The credits movement were made with inspiration from Lapsuus by Maturefurk from Assembly 2001 (see: http://www.pouet.net/prod.php?which=3284).
#Tentacles This is a classic effect and it’s also one of my favourites. We first implemented this for Enlight the Surreal in 2000 and I still think it’s one of the best implementations of such an effect.
Early test:
This is how it’s done.
- Define a tentacle as 4 points spaced evenly and linearly away from origin of object
- Create a spline curve for the 4 points
- Define number of segments along the curve
- Create a rotation matrix for each render segment use a delay_factor per segment
- Interpolate the keyframe
- Create a rotation matrix from the directional vector and an up vector (much like gluLookAt)

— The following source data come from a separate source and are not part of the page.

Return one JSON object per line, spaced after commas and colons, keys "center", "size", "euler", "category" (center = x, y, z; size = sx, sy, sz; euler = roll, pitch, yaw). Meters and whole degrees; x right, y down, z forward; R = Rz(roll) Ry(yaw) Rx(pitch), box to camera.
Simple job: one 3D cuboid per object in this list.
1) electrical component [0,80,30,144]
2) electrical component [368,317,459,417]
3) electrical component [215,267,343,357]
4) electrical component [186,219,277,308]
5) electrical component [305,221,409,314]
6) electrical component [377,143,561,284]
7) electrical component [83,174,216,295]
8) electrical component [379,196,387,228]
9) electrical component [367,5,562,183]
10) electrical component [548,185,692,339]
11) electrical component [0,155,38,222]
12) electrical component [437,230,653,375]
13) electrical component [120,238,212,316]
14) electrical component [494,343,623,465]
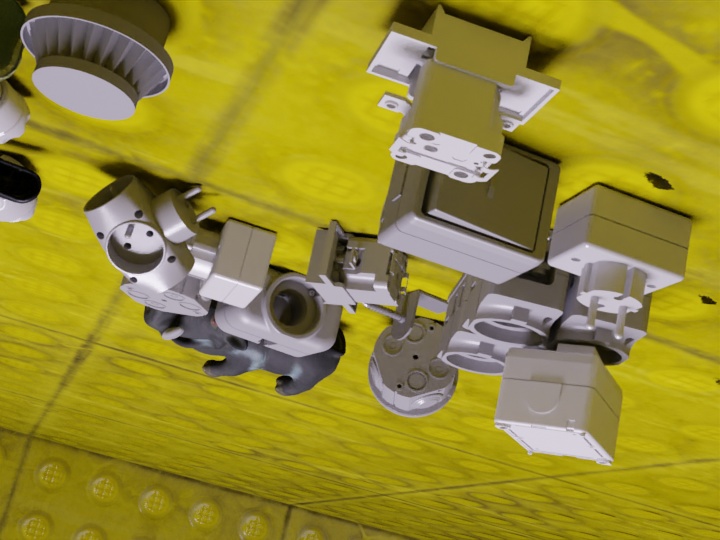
{"center": [-0.226, -0.104, 0.645], "size": [0.035, 0.035, 0.061], "euler": [8, 158, 16], "category": "electrical component"}
{"center": [0.047, 0.084, 0.938], "size": [0.080, 0.080, 0.051], "euler": [12, 156, 5], "category": "electrical component"}
{"center": [-0.066, 0.034, 0.909], "size": [0.095, 0.053, 0.059], "euler": [22, 160, -24], "category": "electrical component"}
{"center": [-0.112, -0.009, 0.822], "size": [0.077, 0.047, 0.066], "euler": [18, 161, -13], "category": "electrical component"}
{"center": [0.000, 0.000, 0.782], "size": [0.064, 0.042, 0.081], "euler": [4, 160, 18], "category": "electrical component"}
{"center": [0.068, -0.036, 0.595], "size": [0.096, 0.061, 0.061], "euler": [18, 161, -15], "category": "electrical component"}
{"center": [-0.141, -0.032, 0.761], "size": [0.079, 0.044, 0.077], "euler": [-27, 115, 11], "category": "electrical component"}
{"center": [0.057, -0.028, 0.655], "size": [0.081, 0.043, 0.043], "euler": [18, 161, -14], "category": "electrical component"}
{"center": [0.044, -0.077, 0.488], "size": [0.081, 0.063, 0.042], "euler": [16, 162, -10], "category": "electrical component"}
{"center": [0.147, 0.001, 0.623], "size": [0.066, 0.076, 0.047], "euler": [18, 162, -14], "category": "electrical component"}
{"center": [-0.260, -0.056, 0.796], "size": [0.043, 0.043, 0.062], "euler": [11, 162, 8], "category": "electrical component"}
{"center": [0.125, 0.035, 0.765], "size": [0.105, 0.060, 0.186], "euler": [14, 162, -2], "category": "electrical component"}
{"center": [-0.153, 0.002, 0.879], "size": [0.080, 0.051, 0.080], "euler": [12, 162, 4], "category": "electrical component"}
{"center": [0.137, 0.089, 0.719], "size": [0.062, 0.061, 0.096], "euler": [3, 159, 28], "category": "electrical component"}

- Rotate the segment (quad) and store it, loop to 6
- Tie segments together and draw
Once done - just draw it…
##Step 6,7
static void calc_seg(GOA_PIXMAP8 *pixmap, float *dest, float r_scale, float *p1, float *p0, float *up) {
float dirv[3];
float segrot[3*3];
// get the directional vector and create a rotation matrix
goa_vector_sub3f(dirv, p1, p0);
goa_matrix_fromvectors3f(segrot, dirv, up);
for (int i=0;i<POINTS_IN_SEG;i++) {
float point[3];
float segpoint[3];
// Scale segment
goa_vector_mul3f(segpoint, r_scale, &base_segment[i*3]);
// Rotate
goa_matrix_vectormul3f(point, segpoint, segrot);
// Center
goa_vector_add3f(&dest[i*3], point, p1);
goa_vector_add3f(&dest[i*3], &dest[i*3], glb_position);
}
}#Hexagon cylinder
This was a very fun part to do. I had been having this idea of playing with hexagons since a while back. The first iteration rendered a floor with vertical extrusion.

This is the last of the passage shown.